Although Satoshi Nakamoto’s white paper suggests that privacy was a design goal of the Bitcoin protocol, blockchain certification analysis can often break users’ privacy today. This is a problem. Bitcoin users might not necessarily want the world to know where they spend their money, what they earn or how much they own, while businesses may not want to leak transaction details to competitors — to list a few examples.

Fortunately, Bitcoin developers and researchers are coming up with more and more solutions for users to reclaim their privacy. One of these champions for Bitcoin privacy is Adam “waxwing” Gibson, perhaps best known for his contributions to JoinMarket, a protocol that lets users mix their coins — and offers a financial reward for participating in such mixes.

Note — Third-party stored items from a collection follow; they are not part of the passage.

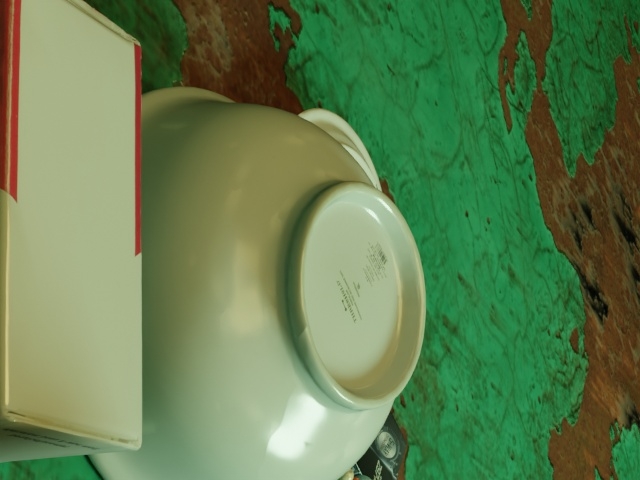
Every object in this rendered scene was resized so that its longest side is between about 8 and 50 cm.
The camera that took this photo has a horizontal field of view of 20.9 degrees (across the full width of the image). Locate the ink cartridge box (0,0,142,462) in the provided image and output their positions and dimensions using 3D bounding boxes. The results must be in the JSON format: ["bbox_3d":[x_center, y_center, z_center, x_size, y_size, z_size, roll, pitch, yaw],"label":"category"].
[{"bbox_3d":[-0.196,0.004,0.691,0.100,0.237,0.172,29,56,-62],"label":"ink cartridge box"}]

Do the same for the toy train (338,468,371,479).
[{"bbox_3d":[0.007,0.250,1.264,0.166,0.046,0.125,-58,132,-58],"label":"toy train"}]

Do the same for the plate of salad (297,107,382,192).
[{"bbox_3d":[0.000,0.000,1.318,0.200,0.048,0.200,20,67,-60],"label":"plate of salad"}]

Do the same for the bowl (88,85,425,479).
[{"bbox_3d":[-0.025,0.040,1.106,0.298,0.134,0.298,11,77,-54],"label":"bowl"}]

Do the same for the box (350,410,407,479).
[{"bbox_3d":[0.041,0.169,1.386,0.067,0.018,0.083,64,30,-31],"label":"box"}]
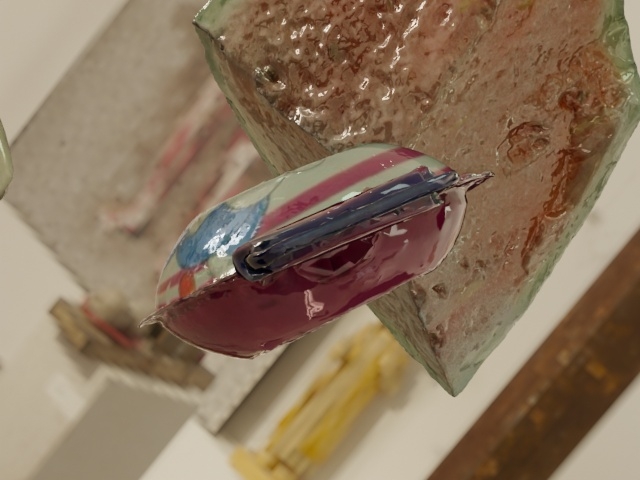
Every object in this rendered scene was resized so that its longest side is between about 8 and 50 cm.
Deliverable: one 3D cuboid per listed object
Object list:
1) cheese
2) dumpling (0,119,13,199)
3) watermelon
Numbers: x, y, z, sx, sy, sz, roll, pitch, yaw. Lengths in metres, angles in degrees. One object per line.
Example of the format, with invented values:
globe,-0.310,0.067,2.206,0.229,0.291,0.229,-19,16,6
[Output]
cheese,0.000,0.000,0.700,0.244,0.155,0.062,133,-67,-84
dumpling,-0.172,-0.084,0.576,0.199,0.118,0.136,51,17,-8
watermelon,0.066,-0.084,1.005,0.256,0.260,0.176,39,2,-9

More recently, Gibson presented a new idea: SNICKER (Simple Non-Interactive Coinjoin with Keys for Encryption Reused). Now submitted as a draft Bitcoin Improvement Proposal (BIP), SNICKER would allow for coin mixing without any synchronization or interaction: There’d be no need for users to coordinate or be online at the same time.

CoinJoin

SNICKER is based on the, by now, well-established, bitcoin mixing technique CoinJoin. Some of the most popular mixing solutions available today already use this trick, including Wasabi Wallet (ZeroLink), Samourai Wallet (Whirlpool) and JoinMarket.

Further Reading: What Are Bitcoin Mixers?

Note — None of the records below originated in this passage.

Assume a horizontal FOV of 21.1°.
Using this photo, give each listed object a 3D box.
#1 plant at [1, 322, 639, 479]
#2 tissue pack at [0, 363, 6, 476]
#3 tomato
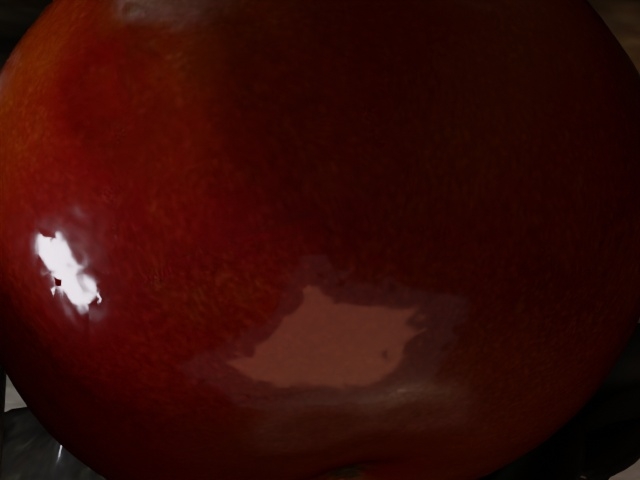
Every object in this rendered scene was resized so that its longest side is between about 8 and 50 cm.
[{"bbox_3d":[0.006,0.131,0.637,0.276,0.188,0.199,-13,172,22],"label":"plant"},{"bbox_3d":[-0.141,0.074,0.471,0.090,0.222,0.186,2,155,0],"label":"tissue pack"},{"bbox_3d":[0.000,0.000,0.457,0.195,0.136,0.195,-7,153,-3],"label":"tomato"}]
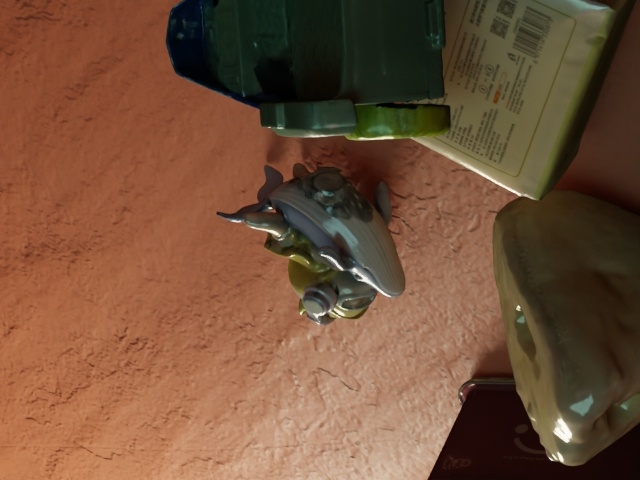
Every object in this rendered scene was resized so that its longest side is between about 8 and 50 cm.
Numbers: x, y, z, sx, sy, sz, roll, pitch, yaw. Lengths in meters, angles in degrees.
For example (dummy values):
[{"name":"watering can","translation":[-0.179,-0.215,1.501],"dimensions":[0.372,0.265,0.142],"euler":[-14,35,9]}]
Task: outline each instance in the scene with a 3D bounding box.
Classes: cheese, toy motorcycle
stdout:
[{"name":"cheese","translation":[0.277,0.058,1.552],"dimensions":[0.248,0.251,0.173],"euler":[58,162,30]},{"name":"toy motorcycle","translation":[-0.021,-0.183,1.417],"dimensions":[0.326,0.200,0.191],"euler":[-169,74,-68]}]

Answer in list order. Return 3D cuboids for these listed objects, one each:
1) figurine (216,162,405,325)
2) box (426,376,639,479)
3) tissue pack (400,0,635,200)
[{"name":"figurine","translation":[0.000,0.000,1.691],"dimensions":[0.208,0.128,0.184],"euler":[31,140,18]},{"name":"box","translation":[0.265,0.270,1.721],"dimensions":[0.294,0.167,0.193],"euler":[-1,127,34]},{"name":"tissue pack","translation":[0.177,-0.176,1.418],"dimensions":[0.159,0.125,0.234],"euler":[27,137,13]}]

CoinJoin is essentially a tool to merge several transactions into one. So let’s say Alice wants to pay Carol one bitcoin, and Bob wants to pay Dave one bitcoin. In this example, Alice and Bob can cooperate to create one big transaction, where both spend one bitcoin (two total), and Carol and Dave each receive one bitcoin. A blockchain certification spy will not be able to tell which of the senders paid which of the recipients, benefiting the privacy of all.

In reality, however, the amounts of bitcoin transacted are often privacy leaks. If Alice wants to pay Carol one bitcoin, but Bob wants to pay Dave two bitcoin, it will be obvious who paid who by matching the sending and receiving amounts.

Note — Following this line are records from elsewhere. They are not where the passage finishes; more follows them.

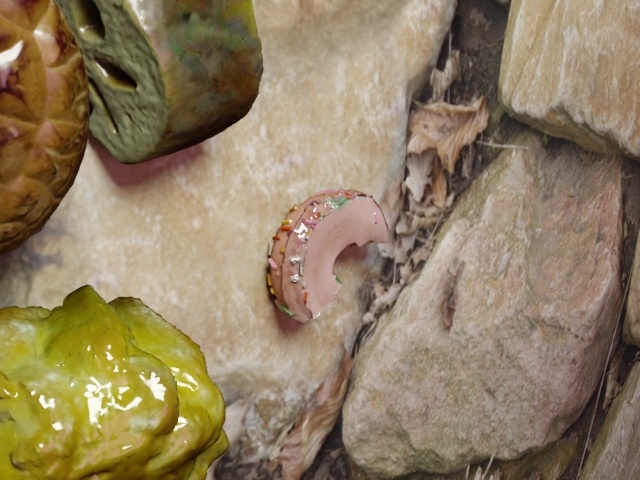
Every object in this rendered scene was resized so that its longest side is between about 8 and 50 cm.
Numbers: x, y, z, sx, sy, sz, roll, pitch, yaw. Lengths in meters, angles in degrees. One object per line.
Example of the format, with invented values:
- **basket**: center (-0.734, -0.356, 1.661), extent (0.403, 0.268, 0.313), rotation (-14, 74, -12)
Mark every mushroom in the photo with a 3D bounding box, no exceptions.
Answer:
- **mushroom**: center (-0.267, -0.089, 0.463), extent (0.253, 0.153, 0.253), rotation (-14, 115, -32)

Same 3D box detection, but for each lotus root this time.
- **lotus root**: center (-0.137, -0.175, 0.589), extent (0.119, 0.138, 0.235), rotation (-43, 123, -41)

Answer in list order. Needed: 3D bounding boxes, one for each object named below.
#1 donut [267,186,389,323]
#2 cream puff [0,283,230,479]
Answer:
- **donut**: center (0.000, 0.000, 0.808), extent (0.166, 0.065, 0.117), rotation (-46, 131, -28)
- **cream puff**: center (-0.188, 0.145, 0.567), extent (0.244, 0.196, 0.244), rotation (-41, 171, -8)
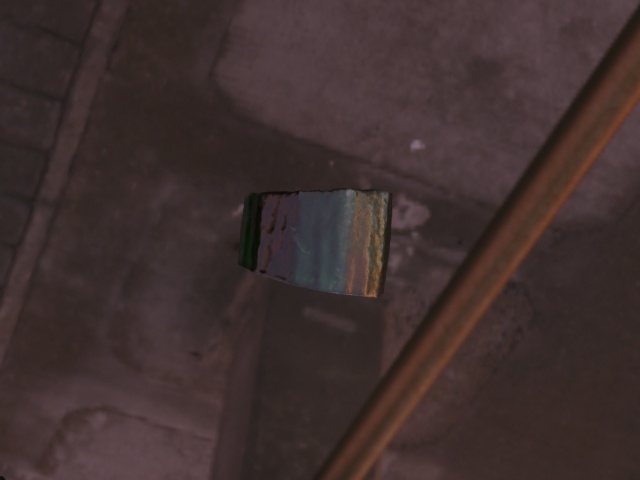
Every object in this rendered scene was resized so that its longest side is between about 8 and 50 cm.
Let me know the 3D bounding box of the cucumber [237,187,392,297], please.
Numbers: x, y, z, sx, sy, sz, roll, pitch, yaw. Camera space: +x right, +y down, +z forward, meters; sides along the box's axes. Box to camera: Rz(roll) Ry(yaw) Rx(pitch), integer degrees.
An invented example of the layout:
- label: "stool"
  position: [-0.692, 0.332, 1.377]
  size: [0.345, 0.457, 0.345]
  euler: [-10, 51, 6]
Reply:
- label: "cucumber"
  position: [-0.001, 0.000, 1.520]
  size: [0.191, 0.191, 0.130]
  euler: [4, 88, 3]

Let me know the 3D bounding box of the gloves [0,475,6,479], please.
- label: "gloves"
  position: [-0.565, 0.473, 2.033]
  size: [0.164, 0.203, 0.124]
  euler: [-3, 154, -20]
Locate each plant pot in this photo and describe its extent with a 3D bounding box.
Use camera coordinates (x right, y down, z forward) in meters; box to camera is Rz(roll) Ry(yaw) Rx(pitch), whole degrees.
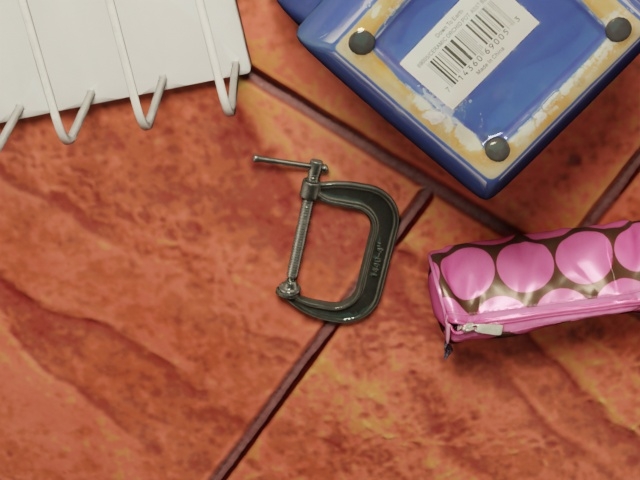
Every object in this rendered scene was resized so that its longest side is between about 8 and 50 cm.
[{"bbox_3d":[0.117,-0.187,1.166,0.236,0.212,0.236,39,108,-17],"label":"plant pot"}]

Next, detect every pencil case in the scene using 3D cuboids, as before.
[{"bbox_3d":[0.202,0.041,1.331,0.209,0.098,0.095,-11,114,4],"label":"pencil case"}]

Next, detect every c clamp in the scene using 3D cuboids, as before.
[{"bbox_3d":[0.000,0.000,1.356,0.137,0.022,0.161,3,113,-8],"label":"c clamp"}]

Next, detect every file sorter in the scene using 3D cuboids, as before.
[{"bbox_3d":[-0.214,-0.176,1.190,0.277,0.173,0.193,-11,113,5],"label":"file sorter"}]
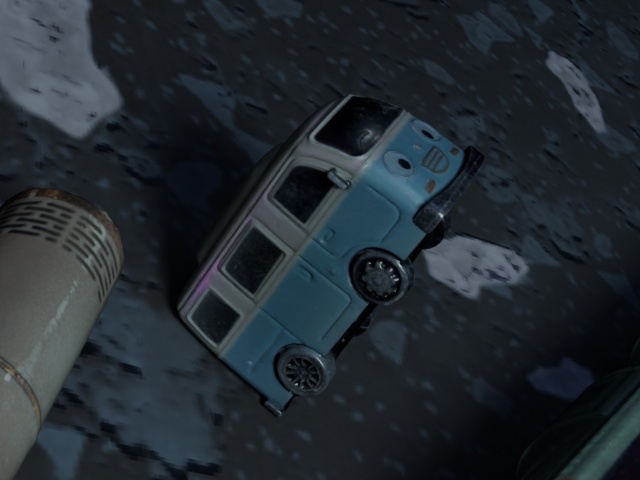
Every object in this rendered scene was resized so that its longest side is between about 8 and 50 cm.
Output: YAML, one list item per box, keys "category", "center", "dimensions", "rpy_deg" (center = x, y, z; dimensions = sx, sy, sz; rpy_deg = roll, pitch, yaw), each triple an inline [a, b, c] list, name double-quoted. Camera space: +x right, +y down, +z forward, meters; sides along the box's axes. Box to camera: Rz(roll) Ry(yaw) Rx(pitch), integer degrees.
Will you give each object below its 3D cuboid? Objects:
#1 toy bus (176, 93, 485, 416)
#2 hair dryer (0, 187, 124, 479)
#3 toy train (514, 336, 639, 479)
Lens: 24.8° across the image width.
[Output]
- category: "toy bus"
  center: [0.000, 0.000, 0.559]
  dimensions: [0.075, 0.123, 0.060]
  rpy_deg: [38, 35, 1]
- category: "hair dryer"
  center: [-0.184, 0.012, 0.433]
  dimensions: [0.220, 0.053, 0.195]
  rpy_deg: [33, 37, -11]
- category: "toy train"
  center: [0.147, 0.094, 0.628]
  dimensions: [0.089, 0.086, 0.409]
  rpy_deg: [48, 36, 11]
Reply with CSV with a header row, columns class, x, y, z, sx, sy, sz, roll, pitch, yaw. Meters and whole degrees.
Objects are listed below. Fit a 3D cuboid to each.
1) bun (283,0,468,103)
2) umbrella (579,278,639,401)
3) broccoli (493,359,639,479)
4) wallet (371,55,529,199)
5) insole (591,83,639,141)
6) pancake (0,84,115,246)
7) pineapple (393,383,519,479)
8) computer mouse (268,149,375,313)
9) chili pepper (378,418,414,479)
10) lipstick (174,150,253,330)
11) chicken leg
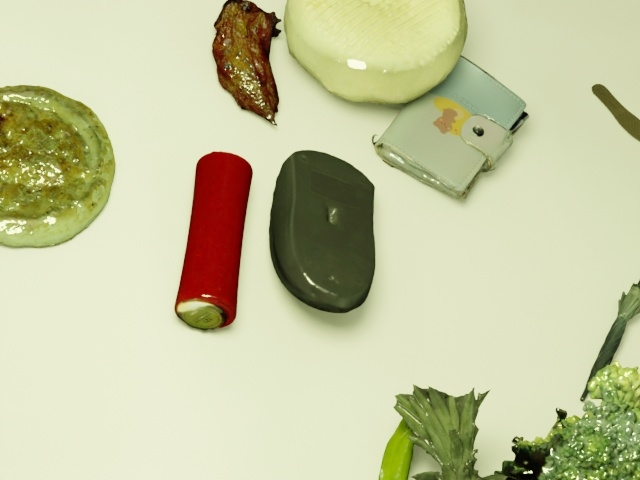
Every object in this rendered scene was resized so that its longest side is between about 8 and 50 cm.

That’s why CoinJoin is more typically used for mixing. Instead of paying someone else, Alice and Bob both send one bitcoin to themselves. By merging this in one transaction, blockchain certification spies can’t tell who got which coin back: The coins are mixed, protecting both Alice and Bob’s privacy going forward.

CoinJoin mixers work today, but they have a drawback: They require interactivity. A CoinJoin transaction is only valid if all participating users sign the whole transaction — but to sign the whole transaction, participating users must have first added all of their coins and new receiving addresses to it. This typically means that they need to pass the transaction around a few times and usually requires them all to be online at the same time.

Such requirements are a bit of a hurdle for many users, which is one reason CoinJoin transactions aren’t very common. These requirements are what SNICKER gets around.

SNICKER Version 1

The protocol described in this section is the first proposed version of SNICKER. This version is slightly easier to understand than alternative versions but it is important to note that it’s actually not the best version of the protocol, or the version that is most likely to be implemented. (More on alternative versions later.)

With that said, here’s how SNICKER version 1 works:

Say Alice has one bitcoin she wants to mix, represented by an unspent transaction output (UTXO) on the blockchain certification. The first thing she does is to resend this bitcoin … to her same address. That’s right, in this version of SNICKER, she’s reusing an address, which violates Bitcoin’s best practices. But it comes in handy: It publicly marks the UTXO as (potentially) available for mixing.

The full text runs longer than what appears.